Ostrowski does not abandon electoral politics but argues it must be supplemented—and ultimately surpassed—by “direct citizen action,” the core thesis of his book Direct Citizen Action: How We Can Win the Second American Revolution Without Firing a Shot. He criticizes the LP’s repeated “Pickett’s Charge” approach of full-tilt national campaigns in a rigged system and instead proposes a two-track strategy: elections plus grassroots, non-electoral tactics to increase real liberty immediately.

Specific tactics he promotes include:

  • A “Walk for Liberty” to build visibility and momentum.
  • “School Exit” programs encouraging parents to pull children from government schools and homeschool.
  • A mobile app ranking counties by freedom metrics to encourage “voting with your feet” and relocation to freer areas.
  • Youth outreach addressing economic barriers to housing, marriage, and family formation.
  • Establishment of a brick-and-mortar Libertarian Hall of Fame in Philadelphia to celebrate the movement’s history (inducting figures like Ron Paul) and build cultural pride.

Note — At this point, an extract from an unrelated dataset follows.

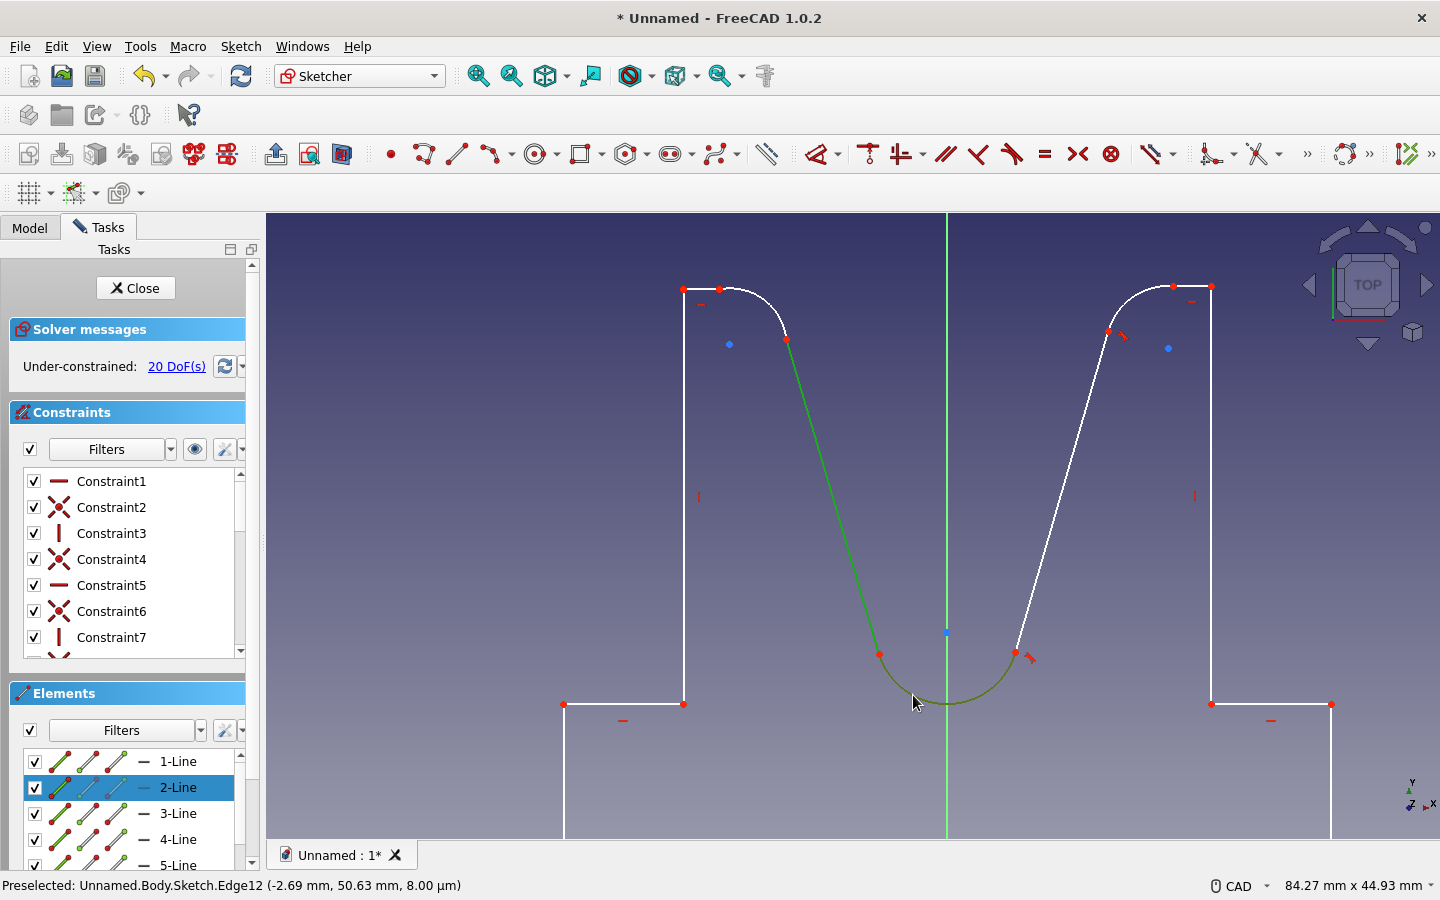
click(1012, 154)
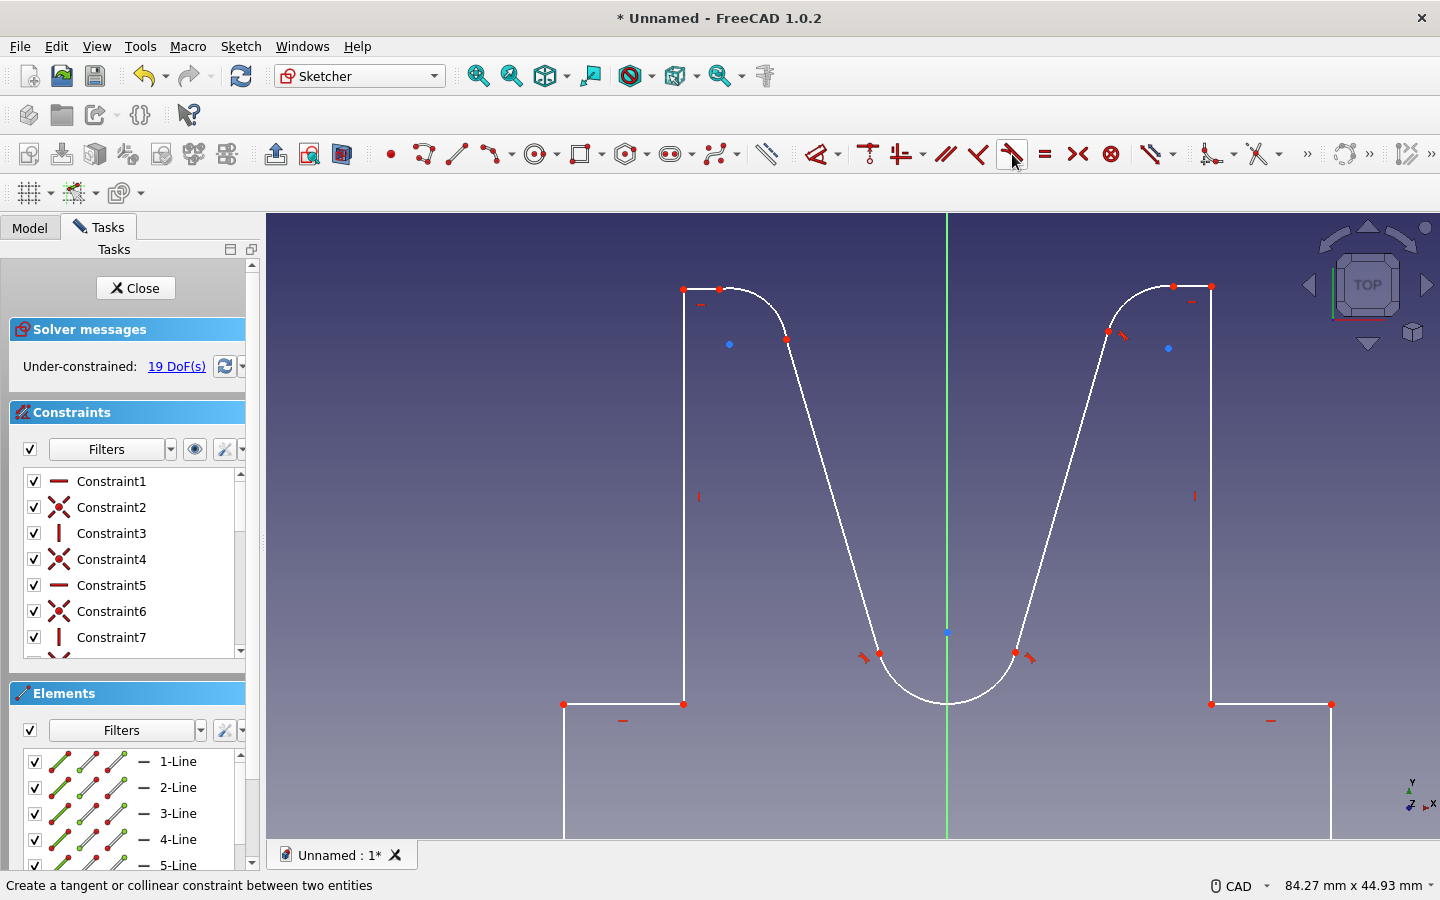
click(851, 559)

Operationally, he calls for a new party logo, a rapid-response team, a dedicated marketing committee, a streamlined 19-page “Platform for Victory,” and an international libertarian strategy conference in Tennessee to forge global alliances. He rejects diluting core planks (e.g., economics, Second Amendment) and instead advocates teaching principles persuasively while unifying around 96% of agreed ideas.

In a recent California Libertarian Party debate, Ostrowski was widely seen as the standout on substance and innovation, outshining competitors focused on operations or broad recruitment. His message resonates with calls for professional political operatives, youth engagement, and unapologetic principles—echoing his history of challenging corporate welfare via lawsuits like his “Stop The Pork” initiative.

A Vision to Grow Influence and Liberate Rural America

Ostrowski frames his campaign as the missing piece for LP revitalization: a data-backed rural/western focus paired with direct action to stop “re-fighting past battles” and instead ask, “Will this increase actual liberty for Americans?” He believes rural voters and libertarians “need each other now” to counter the Uniparty, protect property rights, and build a viable alternative to the GOP in the Heartland.

As delegates prepare for the 2026 Libertarian National Convention, Ostrowski’s pitch—detailed in podcasts like Maximum Libertarian and shared widely on X and Facebook—positions him as the candidate with a concrete, actionable plan to turn the party’s latent rural strength into real political influence. Whether his strategy can overcome the LP’s historical challenges remains to be seen, but it offers a clear alternative to business-as-usual: target where the votes already exist, protect the people who feed the nation, and empower citizens to act directly for liberty.